┏━━

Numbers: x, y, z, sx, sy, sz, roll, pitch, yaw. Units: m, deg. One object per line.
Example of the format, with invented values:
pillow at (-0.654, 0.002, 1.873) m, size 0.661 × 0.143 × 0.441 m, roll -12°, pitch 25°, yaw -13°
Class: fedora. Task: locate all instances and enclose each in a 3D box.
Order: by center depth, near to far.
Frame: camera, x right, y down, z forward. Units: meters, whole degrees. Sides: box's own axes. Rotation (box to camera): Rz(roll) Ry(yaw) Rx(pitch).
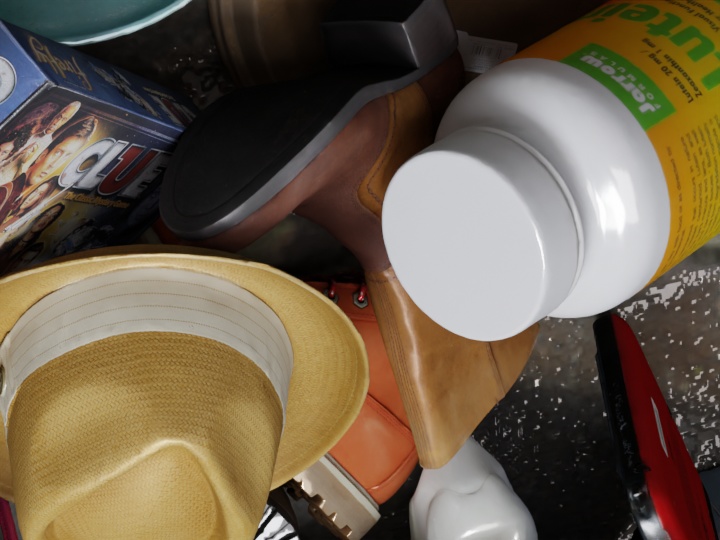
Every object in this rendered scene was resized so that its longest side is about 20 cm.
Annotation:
fedora at (-0.088, 0.071, 1.061) m, size 0.200 × 0.082 × 0.201 m, roll -3°, pitch 144°, yaw -2°

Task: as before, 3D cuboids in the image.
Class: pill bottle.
pill bottle at (0.101, -0.047, 1.107) m, size 0.200 × 0.111 × 0.111 m, roll -32°, pitch 128°, yaw -44°

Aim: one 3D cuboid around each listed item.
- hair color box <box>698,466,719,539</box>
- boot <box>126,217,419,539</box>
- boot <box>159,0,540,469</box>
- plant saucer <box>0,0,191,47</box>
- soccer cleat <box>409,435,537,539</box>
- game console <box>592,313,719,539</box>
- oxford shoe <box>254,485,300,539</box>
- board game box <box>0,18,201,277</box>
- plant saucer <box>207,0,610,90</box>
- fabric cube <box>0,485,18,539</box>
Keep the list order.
hair color box at (0.243, 0.184, 1.367) m, size 0.099 × 0.061 × 0.200 m, roll -20°, pitch 119°, yaw -8°
boot at (-0.032, 0.023, 1.200) m, size 0.107 × 0.075 × 0.200 m, roll -46°, pitch 120°, yaw -9°
boot at (0.000, 0.000, 1.127) m, size 0.068 × 0.188 × 0.200 m, roll 2°, pitch 125°, yaw 29°
plant saucer at (-0.122, -0.186, 1.002) m, size 0.199 × 0.036 × 0.201 m, roll -3°, pitch 104°, yaw -13°
soccer cleat at (0.055, 0.145, 1.267) m, size 0.069 × 0.078 × 0.200 m, roll -14°, pitch 149°, yaw -8°
game console at (0.109, 0.146, 1.229) m, size 0.118 × 0.200 × 0.173 m, roll -23°, pitch 112°, yaw 9°
oxford shoe at (-0.111, 0.073, 1.193) m, size 0.200 × 0.084 × 0.073 m, roll 44°, pitch 102°, yaw -10°
board game box at (-0.141, -0.027, 1.042) m, size 0.135 × 0.200 × 0.035 m, roll -43°, pitch 75°, yaw 10°
plant saucer at (0.031, -0.131, 1.165) m, size 0.199 × 0.029 × 0.201 m, roll -8°, pitch 117°, yaw -16°
fabric cube at (-0.272, 0.167, 1.100) m, size 0.200 × 0.196 × 0.200 m, roll 19°, pitch 112°, yaw -26°
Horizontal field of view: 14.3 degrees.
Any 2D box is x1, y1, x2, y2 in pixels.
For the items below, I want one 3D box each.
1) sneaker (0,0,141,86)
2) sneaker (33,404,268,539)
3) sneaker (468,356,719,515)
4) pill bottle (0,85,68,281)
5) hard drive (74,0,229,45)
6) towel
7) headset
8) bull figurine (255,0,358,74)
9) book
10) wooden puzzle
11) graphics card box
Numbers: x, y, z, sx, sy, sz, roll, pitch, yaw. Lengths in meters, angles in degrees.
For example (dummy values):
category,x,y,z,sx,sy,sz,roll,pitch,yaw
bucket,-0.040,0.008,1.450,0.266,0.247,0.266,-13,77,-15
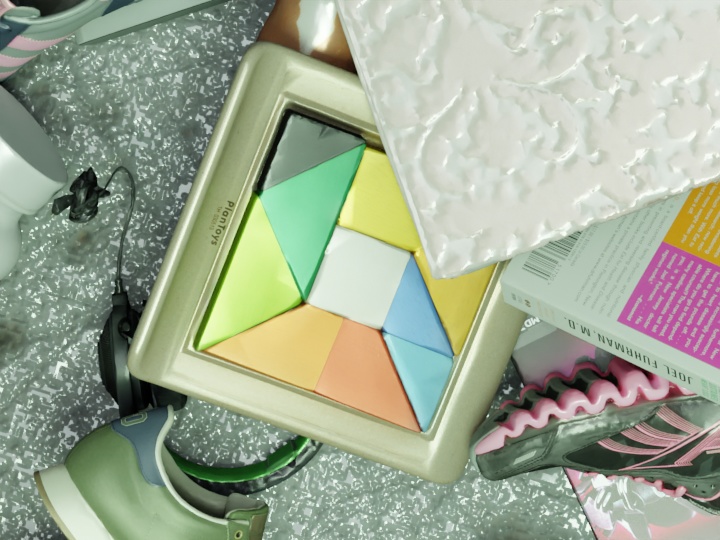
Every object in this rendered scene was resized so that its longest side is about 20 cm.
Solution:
category,x,y,z,sx,sy,sz,roll,pitch,yaw
sneaker,-0.194,-0.143,1.532,0.199,0.082,0.071,-30,84,23
sneaker,-0.078,0.159,1.502,0.090,0.067,0.201,-38,100,-1
sneaker,0.157,0.088,1.483,0.199,0.079,0.096,-16,101,6
pill bottle,-0.255,-0.012,1.532,0.200,0.112,0.112,-42,87,11
hard drive,-0.121,-0.236,1.549,0.131,0.026,0.201,-15,89,28
towel,0.097,-0.115,1.416,0.199,0.032,0.192,-19,90,13
headset,-0.093,0.031,1.537,0.123,0.094,0.201,-34,99,4
bull figurine,-0.021,-0.113,1.515,0.065,0.121,0.201,26,93,4
book,0.188,-0.002,1.440,0.199,0.048,0.134,27,70,22
wooden puzzle,0.000,0.000,1.473,0.199,0.037,0.186,19,98,-18
graphics card box,0.164,0.081,1.538,0.125,0.051,0.201,-25,87,6
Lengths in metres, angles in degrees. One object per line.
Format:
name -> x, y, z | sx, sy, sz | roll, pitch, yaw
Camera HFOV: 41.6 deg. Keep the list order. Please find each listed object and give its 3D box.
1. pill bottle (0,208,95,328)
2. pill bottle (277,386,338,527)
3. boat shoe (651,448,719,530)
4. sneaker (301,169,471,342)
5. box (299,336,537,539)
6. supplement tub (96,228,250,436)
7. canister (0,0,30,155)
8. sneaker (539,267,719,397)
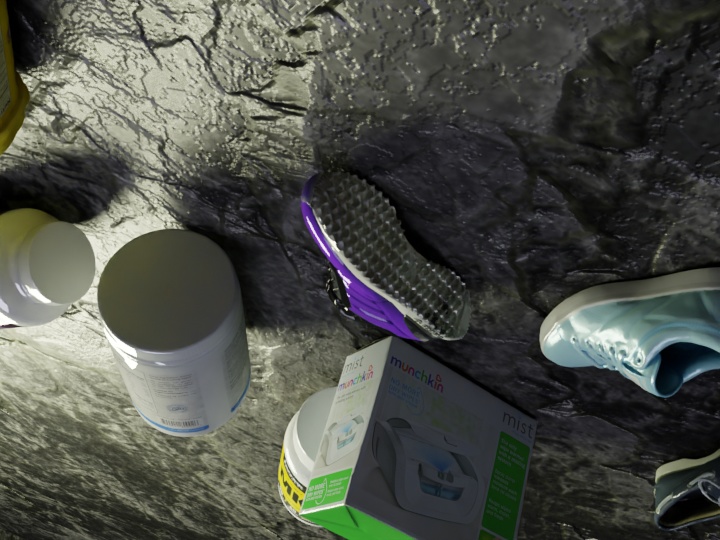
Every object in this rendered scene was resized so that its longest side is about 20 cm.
pill bottle -> -0.355, 0.001, 0.933 | 0.198, 0.114, 0.113 | -6, 142, 36
pill bottle -> -0.036, 0.217, 1.101 | 0.113, 0.116, 0.201 | 17, 149, 2
boat shoe -> 0.355, 0.209, 0.918 | 0.074, 0.062, 0.200 | 30, 147, -15
sneaker -> 0.000, 0.001, 0.776 | 0.099, 0.070, 0.200 | -7, 140, 41
box -> 0.062, 0.195, 0.946 | 0.199, 0.178, 0.096 | 32, 148, -21
supplement tub -> -0.174, 0.066, 0.919 | 0.130, 0.133, 0.201 | 15, 149, 6
canister -> -0.312, -0.178, 0.650 | 0.147, 0.087, 0.201 | 21, 148, -3
sneaker -> 0.213, 0.058, 0.735 | 0.074, 0.083, 0.199 | 34, 146, -24
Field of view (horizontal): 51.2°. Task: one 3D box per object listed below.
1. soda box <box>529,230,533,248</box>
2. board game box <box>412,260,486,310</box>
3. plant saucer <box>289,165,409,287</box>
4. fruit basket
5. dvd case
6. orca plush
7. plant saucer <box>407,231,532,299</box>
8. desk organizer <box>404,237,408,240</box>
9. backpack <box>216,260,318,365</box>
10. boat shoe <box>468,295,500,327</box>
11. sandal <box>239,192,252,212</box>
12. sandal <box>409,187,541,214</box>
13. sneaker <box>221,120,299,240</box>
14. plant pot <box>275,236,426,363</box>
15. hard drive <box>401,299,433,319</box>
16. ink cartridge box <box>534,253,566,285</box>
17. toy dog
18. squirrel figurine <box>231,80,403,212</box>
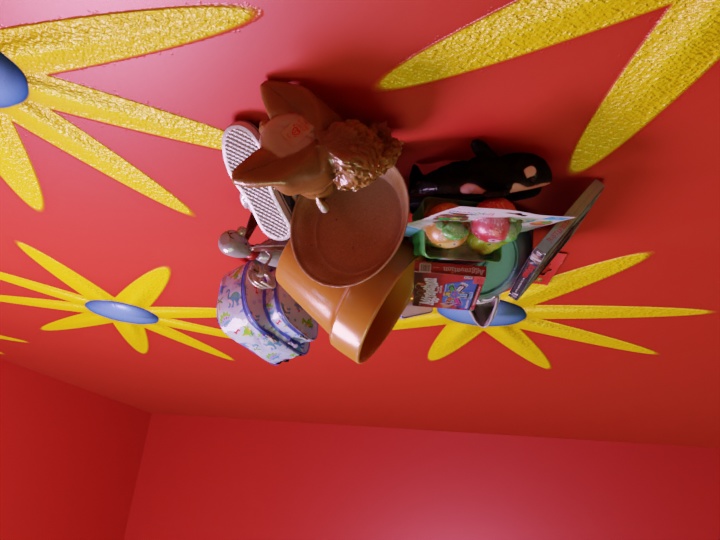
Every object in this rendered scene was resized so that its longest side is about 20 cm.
[{"bbox_3d":[0.186,-0.042,1.258,0.199,0.064,0.068,4,159,8],"label":"soda box"},{"bbox_3d":[0.132,0.026,1.150,0.102,0.020,0.200,6,164,5],"label":"board game box"},{"bbox_3d":[-0.010,-0.070,1.070,0.199,0.201,0.035,-6,163,31],"label":"plant saucer"},{"bbox_3d":[0.162,-0.056,1.039,0.184,0.094,0.200,3,177,-26],"label":"fruit basket"},{"bbox_3d":[0.292,-0.040,1.136,0.022,0.146,0.200,39,163,15],"label":"dvd case"},{"bbox_3d":[0.159,-0.149,1.034,0.199,0.071,0.105,5,-154,32],"label":"orca plush"},{"bbox_3d":[0.173,-0.028,1.202,0.199,0.027,0.201,5,126,7],"label":"plant saucer"},{"bbox_3d":[0.075,0.000,1.399,0.077,0.072,0.200,15,158,-24],"label":"desk organizer"},{"bbox_3d":[-0.183,0.072,1.529,0.147,0.184,0.200,-26,138,30],"label":"backpack"},{"bbox_3d":[0.217,0.048,1.346,0.074,0.065,0.202,3,163,11],"label":"boat shoe"},{"bbox_3d":[-0.101,-0.102,1.234,0.202,0.050,0.082,28,135,-30],"label":"sandal"},{"bbox_3d":[0.166,-0.117,1.115,0.199,0.045,0.075,-11,161,8],"label":"sandal"},{"bbox_3d":[-0.140,-0.145,1.106,0.078,0.080,0.201,2,133,23],"label":"sneaker"},{"bbox_3d":[-0.025,0.013,1.175,0.183,0.201,0.200,31,163,13],"label":"plant pot"},{"bbox_3d":[0.032,0.072,1.554,0.199,0.026,0.132,5,-175,33],"label":"hard drive"},{"bbox_3d":[0.261,0.007,1.384,0.199,0.050,0.161,8,159,4],"label":"ink cartridge box"},{"bbox_3d":[-0.144,-0.049,1.303,0.132,0.096,0.200,42,-161,13],"label":"toy dog"},{"bbox_3d":[-0.046,-0.141,0.994,0.199,0.142,0.187,6,166,12],"label":"squirrel figurine"}]
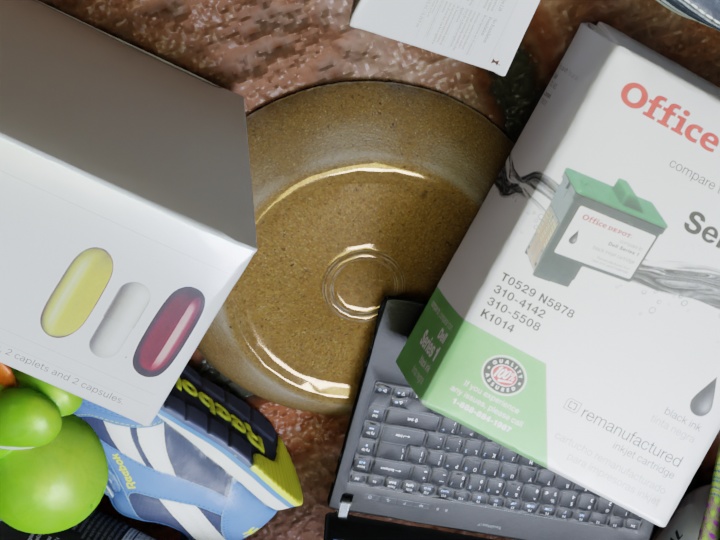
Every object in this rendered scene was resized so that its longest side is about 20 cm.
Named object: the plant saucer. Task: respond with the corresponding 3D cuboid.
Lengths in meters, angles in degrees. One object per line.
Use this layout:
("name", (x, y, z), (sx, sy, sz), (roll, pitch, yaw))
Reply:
("plant saucer", (0.000, 0.000, 1.525), (0.199, 0.036, 0.201), (-3, 122, -5))

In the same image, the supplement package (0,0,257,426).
("supplement package", (-0.162, -0.046, 1.403), (0.199, 0.156, 0.111), (24, 116, -18))

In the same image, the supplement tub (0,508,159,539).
("supplement tub", (-0.131, 0.194, 1.546), (0.199, 0.123, 0.123), (27, 117, 3))

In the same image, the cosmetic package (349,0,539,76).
("cosmetic package", (0.066, -0.189, 1.382), (0.082, 0.051, 0.201), (19, 130, -8))

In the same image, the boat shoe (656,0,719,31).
("boat shoe", (0.221, -0.121, 1.443), (0.199, 0.091, 0.071), (19, 118, -17))

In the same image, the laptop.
("laptop", (0.077, 0.135, 1.525), (0.176, 0.103, 0.201), (10, 115, -12))

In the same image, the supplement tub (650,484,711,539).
("supplement tub", (0.173, 0.225, 1.635), (0.122, 0.123, 0.200), (26, 115, -21))

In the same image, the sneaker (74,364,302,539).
("sneaker", (-0.120, 0.081, 1.540), (0.082, 0.074, 0.200), (-39, 117, 19))

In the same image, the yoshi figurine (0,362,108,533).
("yoshi figurine", (-0.197, 0.091, 1.465), (0.112, 0.113, 0.199), (18, 163, -41))

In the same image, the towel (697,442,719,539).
("towel", (0.272, 0.129, 1.585), (0.199, 0.144, 0.023), (31, 148, -21))

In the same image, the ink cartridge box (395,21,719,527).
("ink cartridge box", (0.130, -0.001, 1.469), (0.146, 0.084, 0.201), (27, 97, -11))
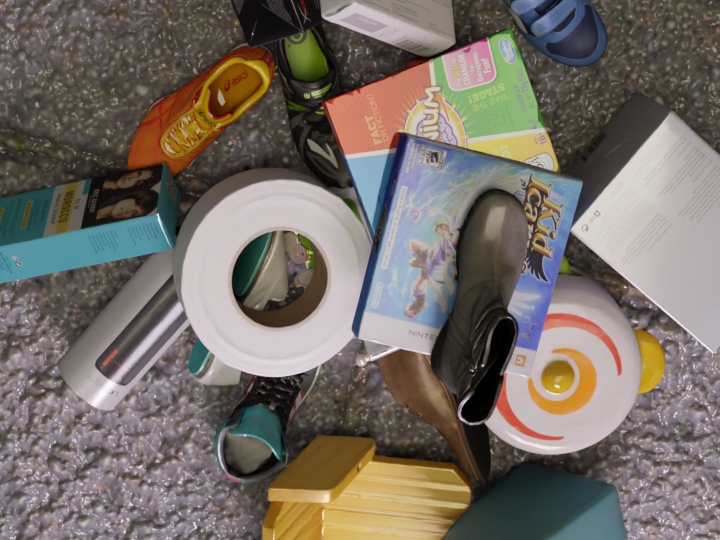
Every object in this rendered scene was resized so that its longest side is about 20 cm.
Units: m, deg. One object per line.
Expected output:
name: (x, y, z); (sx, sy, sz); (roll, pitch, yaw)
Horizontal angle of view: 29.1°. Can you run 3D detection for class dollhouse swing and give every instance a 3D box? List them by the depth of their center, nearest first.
dollhouse swing: (0.010, 0.306, 1.496); (0.174, 0.182, 0.202); (12, 113, 20)

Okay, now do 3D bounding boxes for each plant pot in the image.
plant pot: (0.170, 0.323, 1.475); (0.199, 0.141, 0.143); (-27, 110, -35)

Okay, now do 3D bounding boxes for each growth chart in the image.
growth chart: (0.000, 0.000, 1.465); (0.144, 0.018, 0.201); (-29, 91, 14)

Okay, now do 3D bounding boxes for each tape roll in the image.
tape roll: (-0.086, 0.001, 1.397); (0.200, 0.071, 0.205); (-3, 104, -14)

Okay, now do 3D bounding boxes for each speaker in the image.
speaker: (-0.230, 0.052, 1.468); (0.081, 0.081, 0.200); (41, 101, -12)

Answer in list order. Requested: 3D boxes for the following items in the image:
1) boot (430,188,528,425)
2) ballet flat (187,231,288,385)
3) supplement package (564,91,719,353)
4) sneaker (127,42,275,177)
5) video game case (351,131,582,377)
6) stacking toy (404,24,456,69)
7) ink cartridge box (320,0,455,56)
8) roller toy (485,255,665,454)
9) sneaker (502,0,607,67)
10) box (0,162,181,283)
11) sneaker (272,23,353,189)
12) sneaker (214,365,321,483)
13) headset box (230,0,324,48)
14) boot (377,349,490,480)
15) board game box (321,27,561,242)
boot: (0.123, 0.033, 1.263); (0.067, 0.131, 0.202); (13, 99, -12)
ballet flat: (-0.116, 0.034, 1.478); (0.069, 0.069, 0.202); (25, 100, -9)
supplement package: (0.320, -0.053, 1.416); (0.199, 0.151, 0.152); (39, 100, -11)
sneaker: (-0.170, -0.157, 1.409); (0.073, 0.077, 0.200); (43, 109, -13)
video game case: (0.103, -0.014, 1.342); (0.179, 0.045, 0.202); (13, 98, -11)
stacking toy: (0.071, -0.167, 1.418); (0.084, 0.085, 0.203); (-4, 102, -1)
ink cartridge box: (0.021, -0.319, 1.319); (0.050, 0.160, 0.203); (-16, 74, 37)
roller toy: (0.200, 0.094, 1.460); (0.199, 0.140, 0.183); (38, 102, -12)
sneaker: (0.174, -0.279, 1.384); (0.074, 0.082, 0.200); (-43, 105, 9)
box: (-0.286, -0.048, 1.417); (0.198, 0.083, 0.049); (-11, 133, 10)
sneaker: (-0.048, -0.175, 1.406); (0.070, 0.083, 0.202); (-16, 105, 5)
sneaker: (-0.098, 0.145, 1.476); (0.083, 0.121, 0.202); (25, 104, -8)
headset box: (-0.050, -0.320, 1.321); (0.077, 0.200, 0.150); (-8, 112, 39)
boot: (0.083, 0.143, 1.517); (0.075, 0.074, 0.202); (-21, 100, 21)
board game box: (0.080, -0.131, 1.368); (0.198, 0.040, 0.155); (-22, 98, -4)
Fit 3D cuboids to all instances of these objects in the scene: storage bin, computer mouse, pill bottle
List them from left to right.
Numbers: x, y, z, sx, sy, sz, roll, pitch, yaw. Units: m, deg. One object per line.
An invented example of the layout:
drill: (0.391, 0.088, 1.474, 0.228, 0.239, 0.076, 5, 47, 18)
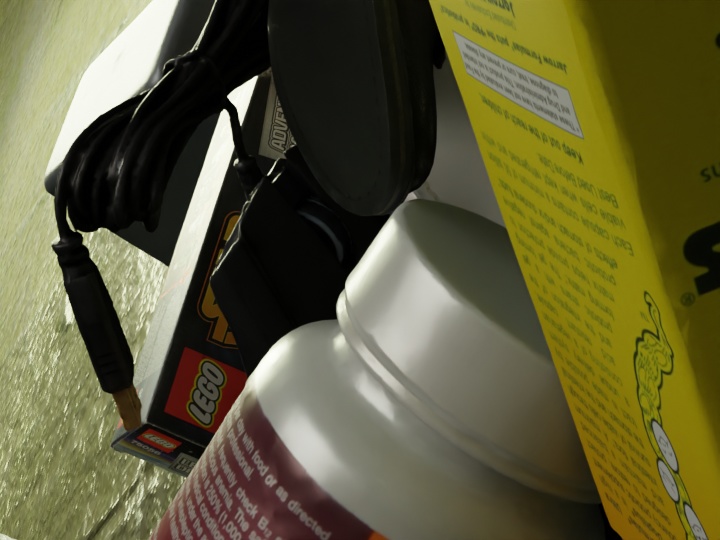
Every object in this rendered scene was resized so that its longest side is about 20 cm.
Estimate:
storage bin: (-0.072, -0.061, 1.017, 0.200, 0.134, 0.146, -32, 36, 56)
computer mouse: (-0.024, 0.017, 0.616, 0.046, 0.201, 0.140, 8, 38, 31)
pill bottle: (-0.001, 0.088, 0.571, 0.200, 0.114, 0.114, -57, 21, 18)

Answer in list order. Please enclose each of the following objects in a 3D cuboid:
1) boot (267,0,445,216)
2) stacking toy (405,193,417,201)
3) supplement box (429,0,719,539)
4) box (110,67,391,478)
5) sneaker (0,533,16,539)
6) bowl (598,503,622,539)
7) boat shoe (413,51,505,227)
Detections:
boot: (0.062, -0.110, 0.607, 0.069, 0.173, 0.201, -27, 62, 60)
stacking toy: (0.042, -0.057, 0.720, 0.116, 0.110, 0.201, 9, 85, 24)
supplement box: (0.094, -0.026, 0.435, 0.108, 0.201, 0.110, -24, 20, -7)
box: (0.000, 0.000, 0.756, 0.040, 0.136, 0.201, -35, 35, 57)
sneaker: (-0.249, 0.234, 1.175, 0.075, 0.076, 0.200, -49, 25, 30)
bowl: (0.083, 0.055, 0.627, 0.201, 0.039, 0.201, -50, 24, 32)
boat shoe: (0.009, -0.087, 0.652, 0.071, 0.201, 0.069, -34, -13, 23)
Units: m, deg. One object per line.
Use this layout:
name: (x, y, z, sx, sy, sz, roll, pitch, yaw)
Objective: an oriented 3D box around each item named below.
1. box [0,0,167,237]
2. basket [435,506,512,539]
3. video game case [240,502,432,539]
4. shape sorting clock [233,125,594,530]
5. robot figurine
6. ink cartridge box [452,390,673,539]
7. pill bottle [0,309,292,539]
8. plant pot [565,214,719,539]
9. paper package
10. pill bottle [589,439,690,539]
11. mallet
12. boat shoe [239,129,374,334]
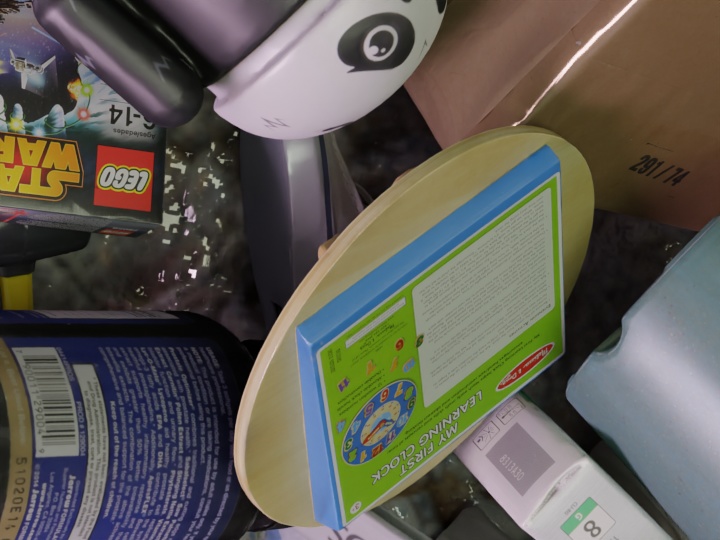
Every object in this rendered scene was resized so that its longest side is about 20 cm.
box: (-0.177, -0.093, 0.991, 0.200, 0.040, 0.137, 6, 80, -24)
basket: (0.091, 0.236, 1.146, 0.123, 0.136, 0.200, -44, 114, -4)
video game case: (-0.006, 0.208, 1.060, 0.022, 0.182, 0.200, 1, 114, -50)
shape sorting clock: (0.024, 0.024, 0.991, 0.200, 0.039, 0.200, -32, 142, -29)
robot figurine: (-0.055, -0.145, 0.963, 0.150, 0.125, 0.200, -43, 102, 13)
ink cartridge box: (0.123, 0.132, 1.119, 0.200, 0.161, 0.050, 42, 91, -24)
pill bottle: (-0.108, 0.072, 1.002, 0.200, 0.112, 0.112, 2, 101, -42)
plant pot: (0.208, 0.068, 1.031, 0.196, 0.200, 0.200, 43, 82, 10)
paper package: (0.142, -0.116, 1.033, 0.200, 0.104, 0.191, 8, 137, -43)
pill bottle: (0.223, 0.081, 1.177, 0.200, 0.113, 0.113, -33, 112, -13)
mallet: (-0.141, 0.048, 1.064, 0.066, 0.041, 0.200, -17, 112, -21)
boat shoe: (0.002, 0.002, 1.090, 0.086, 0.075, 0.202, -16, 110, -19)
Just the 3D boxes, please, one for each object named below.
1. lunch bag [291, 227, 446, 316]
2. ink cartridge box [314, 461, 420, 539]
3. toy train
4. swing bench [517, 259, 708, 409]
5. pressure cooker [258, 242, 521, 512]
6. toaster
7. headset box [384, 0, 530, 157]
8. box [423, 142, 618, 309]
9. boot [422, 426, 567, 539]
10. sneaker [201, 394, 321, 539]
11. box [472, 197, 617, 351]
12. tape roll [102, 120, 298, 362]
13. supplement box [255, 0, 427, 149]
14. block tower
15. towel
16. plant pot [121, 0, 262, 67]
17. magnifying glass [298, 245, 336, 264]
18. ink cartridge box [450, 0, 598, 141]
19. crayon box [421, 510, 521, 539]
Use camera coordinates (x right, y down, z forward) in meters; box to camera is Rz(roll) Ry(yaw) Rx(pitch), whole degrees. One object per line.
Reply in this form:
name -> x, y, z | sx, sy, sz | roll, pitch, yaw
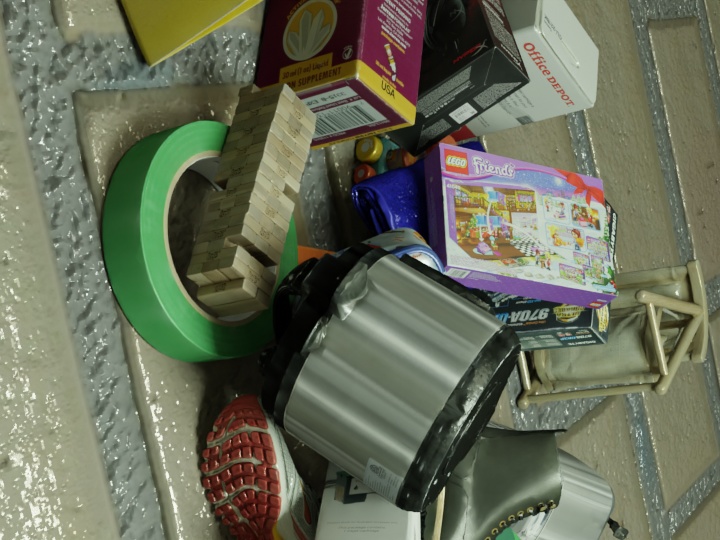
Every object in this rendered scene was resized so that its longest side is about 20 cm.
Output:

┗━━

— Exercise objective —
Every line from the top of the material through the line containing "Class: fedora. Task: locate" must be transcribed exactly, and no other line may appear.

— Solution to this problem —
Numbers: x, y, z, sx, sy, sz, roll, pitch, yaw. Units: m, deg. One object per line.
Example of the format, with invented values:
pillow at (-0.654, 0.002, 1.873) m, size 0.661 × 0.143 × 0.441 m, roll -12°, pitch 25°, yaw -13°
Class: fedora. Task: locate all instances and enclose each in a 3D box.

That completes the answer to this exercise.